Christopher Booker: Yeah. I can imagine sitting there and kind of getting yourself into the headspace of like, OK, I've been down a point. It's a match point. This is, this is a different kind of pressure, but maybe this isn't the same kind of pressure.

Katrina Adams: Oh, it was very different. But, but it's rewarding. Part of the 12 points is, you know, owning your table, you don't just have a seat at the table, own the table. And not so much as saying, OK, because you're the chairman of that board, that you're owning it, but it's really owning your presence at that table, owning your knowledge, owning your input when you're at the table, and not just kind of sitting back and being shy. You're invited to the table for a reason. Make sure you own that opportunity.

Christopher Booker: Was there a moment in your management and business career where you came to that revelation of ownership?

Katrina Adams: I've kind of ascended through an unorthodox way. I mean, I didn't go to business school. I didn't really go into corporate America. You know, I really tennis has been my life and so all the experiences that I've learned have been through that.

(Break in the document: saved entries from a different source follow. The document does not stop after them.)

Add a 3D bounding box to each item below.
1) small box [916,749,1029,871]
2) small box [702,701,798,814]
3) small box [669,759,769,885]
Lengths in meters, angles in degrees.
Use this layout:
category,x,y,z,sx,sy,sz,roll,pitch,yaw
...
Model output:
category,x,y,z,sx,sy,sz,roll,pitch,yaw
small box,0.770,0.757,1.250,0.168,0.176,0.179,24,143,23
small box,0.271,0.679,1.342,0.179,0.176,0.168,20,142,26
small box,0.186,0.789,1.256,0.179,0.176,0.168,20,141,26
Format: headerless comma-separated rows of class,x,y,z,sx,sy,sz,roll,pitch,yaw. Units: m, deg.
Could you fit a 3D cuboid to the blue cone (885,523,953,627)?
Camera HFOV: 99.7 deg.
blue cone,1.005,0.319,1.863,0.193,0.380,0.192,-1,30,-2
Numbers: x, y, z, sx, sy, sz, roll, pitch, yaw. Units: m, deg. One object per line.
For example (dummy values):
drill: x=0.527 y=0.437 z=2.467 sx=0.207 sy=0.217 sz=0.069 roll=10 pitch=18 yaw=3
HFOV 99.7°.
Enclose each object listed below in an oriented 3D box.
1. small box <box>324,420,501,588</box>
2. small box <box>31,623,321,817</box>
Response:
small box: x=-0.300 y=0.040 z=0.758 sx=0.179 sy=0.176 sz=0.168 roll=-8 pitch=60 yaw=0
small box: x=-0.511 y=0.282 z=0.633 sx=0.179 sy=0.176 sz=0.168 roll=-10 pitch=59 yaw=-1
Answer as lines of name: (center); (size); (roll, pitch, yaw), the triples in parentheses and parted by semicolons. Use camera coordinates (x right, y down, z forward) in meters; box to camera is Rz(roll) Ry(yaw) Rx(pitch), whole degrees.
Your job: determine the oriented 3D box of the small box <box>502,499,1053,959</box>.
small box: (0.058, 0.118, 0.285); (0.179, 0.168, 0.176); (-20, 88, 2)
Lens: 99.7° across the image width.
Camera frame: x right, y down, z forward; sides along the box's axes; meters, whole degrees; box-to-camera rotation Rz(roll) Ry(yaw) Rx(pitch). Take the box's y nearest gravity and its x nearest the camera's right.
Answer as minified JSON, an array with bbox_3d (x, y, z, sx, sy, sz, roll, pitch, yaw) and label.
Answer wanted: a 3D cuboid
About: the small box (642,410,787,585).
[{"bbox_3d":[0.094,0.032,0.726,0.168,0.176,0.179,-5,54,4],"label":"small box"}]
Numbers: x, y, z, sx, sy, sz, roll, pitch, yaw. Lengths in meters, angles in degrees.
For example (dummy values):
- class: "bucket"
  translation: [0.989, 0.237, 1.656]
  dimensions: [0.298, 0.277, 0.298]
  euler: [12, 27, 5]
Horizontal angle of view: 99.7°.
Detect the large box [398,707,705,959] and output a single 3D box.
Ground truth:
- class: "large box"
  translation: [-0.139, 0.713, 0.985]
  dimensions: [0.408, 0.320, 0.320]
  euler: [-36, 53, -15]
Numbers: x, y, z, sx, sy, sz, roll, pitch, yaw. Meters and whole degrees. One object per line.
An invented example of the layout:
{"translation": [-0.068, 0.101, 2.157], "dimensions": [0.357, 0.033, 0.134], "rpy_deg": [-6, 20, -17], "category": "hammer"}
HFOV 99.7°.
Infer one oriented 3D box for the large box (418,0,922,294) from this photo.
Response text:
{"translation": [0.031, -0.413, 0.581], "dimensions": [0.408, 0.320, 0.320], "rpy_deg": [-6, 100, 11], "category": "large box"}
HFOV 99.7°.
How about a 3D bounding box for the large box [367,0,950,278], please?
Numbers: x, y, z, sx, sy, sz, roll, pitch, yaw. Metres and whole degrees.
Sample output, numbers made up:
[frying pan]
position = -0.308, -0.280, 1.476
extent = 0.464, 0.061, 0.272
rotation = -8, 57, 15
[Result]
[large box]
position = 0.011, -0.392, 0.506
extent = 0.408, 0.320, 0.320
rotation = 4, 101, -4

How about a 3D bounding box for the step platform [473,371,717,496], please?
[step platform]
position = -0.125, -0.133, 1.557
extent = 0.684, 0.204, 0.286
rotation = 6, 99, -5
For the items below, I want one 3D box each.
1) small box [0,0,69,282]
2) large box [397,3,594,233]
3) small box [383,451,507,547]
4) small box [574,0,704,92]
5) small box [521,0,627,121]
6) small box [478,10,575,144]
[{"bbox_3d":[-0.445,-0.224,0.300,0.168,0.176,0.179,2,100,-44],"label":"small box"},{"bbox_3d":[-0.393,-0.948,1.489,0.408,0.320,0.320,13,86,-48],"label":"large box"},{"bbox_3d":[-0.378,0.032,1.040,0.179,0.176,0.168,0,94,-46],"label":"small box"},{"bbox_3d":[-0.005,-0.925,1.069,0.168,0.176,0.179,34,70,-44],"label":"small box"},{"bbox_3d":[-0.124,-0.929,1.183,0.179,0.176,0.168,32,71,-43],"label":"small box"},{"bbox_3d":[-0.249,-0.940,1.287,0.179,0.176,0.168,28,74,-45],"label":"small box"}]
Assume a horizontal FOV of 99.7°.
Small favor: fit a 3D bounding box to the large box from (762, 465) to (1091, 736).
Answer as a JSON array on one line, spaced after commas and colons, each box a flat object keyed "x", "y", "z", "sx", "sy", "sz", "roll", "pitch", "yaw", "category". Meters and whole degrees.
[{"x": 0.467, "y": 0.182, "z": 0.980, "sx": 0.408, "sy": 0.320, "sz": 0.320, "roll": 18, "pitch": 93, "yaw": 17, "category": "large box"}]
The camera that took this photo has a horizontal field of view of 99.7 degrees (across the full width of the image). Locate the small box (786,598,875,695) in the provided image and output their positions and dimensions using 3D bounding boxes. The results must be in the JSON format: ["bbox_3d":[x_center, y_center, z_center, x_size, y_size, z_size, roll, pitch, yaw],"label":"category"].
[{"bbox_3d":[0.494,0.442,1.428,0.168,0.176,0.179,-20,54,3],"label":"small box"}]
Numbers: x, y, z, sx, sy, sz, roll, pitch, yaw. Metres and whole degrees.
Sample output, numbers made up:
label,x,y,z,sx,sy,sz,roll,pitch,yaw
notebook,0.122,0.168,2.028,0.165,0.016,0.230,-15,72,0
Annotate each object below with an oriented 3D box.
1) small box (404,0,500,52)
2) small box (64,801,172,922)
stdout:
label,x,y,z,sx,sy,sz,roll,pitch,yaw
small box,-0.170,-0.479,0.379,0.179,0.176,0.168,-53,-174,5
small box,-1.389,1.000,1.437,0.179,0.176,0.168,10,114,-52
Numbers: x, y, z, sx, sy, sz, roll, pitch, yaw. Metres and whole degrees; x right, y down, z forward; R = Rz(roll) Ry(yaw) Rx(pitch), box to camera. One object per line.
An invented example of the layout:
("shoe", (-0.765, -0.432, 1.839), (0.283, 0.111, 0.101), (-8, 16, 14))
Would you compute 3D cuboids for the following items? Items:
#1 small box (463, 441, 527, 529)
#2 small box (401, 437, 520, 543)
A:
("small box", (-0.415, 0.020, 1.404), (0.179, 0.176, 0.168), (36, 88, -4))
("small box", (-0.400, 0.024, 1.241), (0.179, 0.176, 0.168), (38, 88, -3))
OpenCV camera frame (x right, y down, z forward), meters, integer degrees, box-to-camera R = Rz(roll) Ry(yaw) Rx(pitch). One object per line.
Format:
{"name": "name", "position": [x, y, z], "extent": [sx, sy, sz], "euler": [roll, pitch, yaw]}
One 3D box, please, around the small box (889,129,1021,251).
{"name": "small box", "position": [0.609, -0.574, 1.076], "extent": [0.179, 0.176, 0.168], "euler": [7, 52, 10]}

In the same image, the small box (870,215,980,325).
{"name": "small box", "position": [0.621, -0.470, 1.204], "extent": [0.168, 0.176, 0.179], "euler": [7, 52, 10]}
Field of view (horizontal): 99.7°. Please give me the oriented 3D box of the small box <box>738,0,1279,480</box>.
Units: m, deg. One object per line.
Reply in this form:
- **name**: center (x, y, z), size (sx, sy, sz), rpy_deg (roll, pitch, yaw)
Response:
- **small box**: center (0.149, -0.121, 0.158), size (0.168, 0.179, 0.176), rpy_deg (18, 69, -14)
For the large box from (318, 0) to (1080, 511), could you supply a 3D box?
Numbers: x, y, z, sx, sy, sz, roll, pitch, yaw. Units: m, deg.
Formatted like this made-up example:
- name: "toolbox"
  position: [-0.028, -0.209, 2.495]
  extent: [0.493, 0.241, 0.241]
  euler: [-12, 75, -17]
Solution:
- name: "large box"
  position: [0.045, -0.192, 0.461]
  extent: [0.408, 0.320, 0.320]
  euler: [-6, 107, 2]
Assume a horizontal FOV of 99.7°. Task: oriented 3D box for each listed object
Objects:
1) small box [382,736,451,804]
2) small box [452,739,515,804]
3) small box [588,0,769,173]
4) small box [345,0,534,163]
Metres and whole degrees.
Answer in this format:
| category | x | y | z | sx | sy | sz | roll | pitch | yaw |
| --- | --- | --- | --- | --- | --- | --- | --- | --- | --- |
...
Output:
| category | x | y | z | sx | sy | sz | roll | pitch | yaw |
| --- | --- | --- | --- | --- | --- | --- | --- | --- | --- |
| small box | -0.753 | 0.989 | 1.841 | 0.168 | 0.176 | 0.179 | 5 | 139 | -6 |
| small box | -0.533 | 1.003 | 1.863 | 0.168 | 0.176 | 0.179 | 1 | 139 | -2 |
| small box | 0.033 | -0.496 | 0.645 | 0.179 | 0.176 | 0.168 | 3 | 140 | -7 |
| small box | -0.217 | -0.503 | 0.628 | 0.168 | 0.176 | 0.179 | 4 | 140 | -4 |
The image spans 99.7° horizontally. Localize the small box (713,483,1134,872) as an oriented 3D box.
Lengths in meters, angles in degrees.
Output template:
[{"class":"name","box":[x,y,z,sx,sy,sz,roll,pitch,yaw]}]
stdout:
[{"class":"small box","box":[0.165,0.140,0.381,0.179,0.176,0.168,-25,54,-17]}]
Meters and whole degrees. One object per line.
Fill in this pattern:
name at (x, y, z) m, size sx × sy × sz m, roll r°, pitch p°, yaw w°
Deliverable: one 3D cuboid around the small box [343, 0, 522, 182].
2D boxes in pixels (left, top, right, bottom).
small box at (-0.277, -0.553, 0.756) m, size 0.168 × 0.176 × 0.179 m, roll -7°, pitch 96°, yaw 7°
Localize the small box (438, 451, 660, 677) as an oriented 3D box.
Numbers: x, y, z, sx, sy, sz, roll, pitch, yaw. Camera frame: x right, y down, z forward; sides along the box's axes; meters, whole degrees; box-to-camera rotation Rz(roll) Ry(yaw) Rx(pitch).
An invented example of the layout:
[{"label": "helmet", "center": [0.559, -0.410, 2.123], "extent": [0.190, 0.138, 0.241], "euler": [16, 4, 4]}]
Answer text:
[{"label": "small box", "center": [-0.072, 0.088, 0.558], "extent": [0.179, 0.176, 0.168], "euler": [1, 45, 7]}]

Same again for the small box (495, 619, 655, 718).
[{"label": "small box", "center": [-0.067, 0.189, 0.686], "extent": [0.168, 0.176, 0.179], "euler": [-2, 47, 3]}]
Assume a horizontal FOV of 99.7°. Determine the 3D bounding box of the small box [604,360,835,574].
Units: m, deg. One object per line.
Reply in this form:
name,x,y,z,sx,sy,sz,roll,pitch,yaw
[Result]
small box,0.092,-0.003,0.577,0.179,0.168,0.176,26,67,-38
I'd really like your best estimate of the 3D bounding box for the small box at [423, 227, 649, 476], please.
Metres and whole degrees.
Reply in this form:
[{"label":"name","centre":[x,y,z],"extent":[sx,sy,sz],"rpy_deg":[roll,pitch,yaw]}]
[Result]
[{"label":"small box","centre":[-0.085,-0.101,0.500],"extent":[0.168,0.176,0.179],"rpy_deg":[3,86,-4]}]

I wasn't following a cookie-cutter plan, if you will, but a lot of my way of doing things is kind of learning on the fly and then, of course, obviously in tennis, you know, practice makes perfect.

So you go out with different tactics, different strategies, et cetera, and you have that coach that you're relying on that you're working with to get advice from. So I don't have a problem getting advice from anyone. I know what I don't know. And I think that's the beauty of recognizing my weaknesses so that I can become stronger.

Christopher Booker: And then last question, after your experience in the boardroom, particularly as president and CEO, if you were to somehow magically go back in time, do you think that would alter how you approach the game as a player?

Katrina Adams: Probably not. I think, you know, I think how I played as a player or approach the game as a player prepared me to even get to this point of being in that boardroom. So had I been different as a player, I might not have had the same tenacity or same desire to be in a boardroom. So I don't regret anything as I look back over my career.

Of course, I would have loved to have won multiple grand slams or even one grand slam. That did not happen. But I'm a firm believer that the course that I took was for a reason to allow me to do all the other things that I was interested in.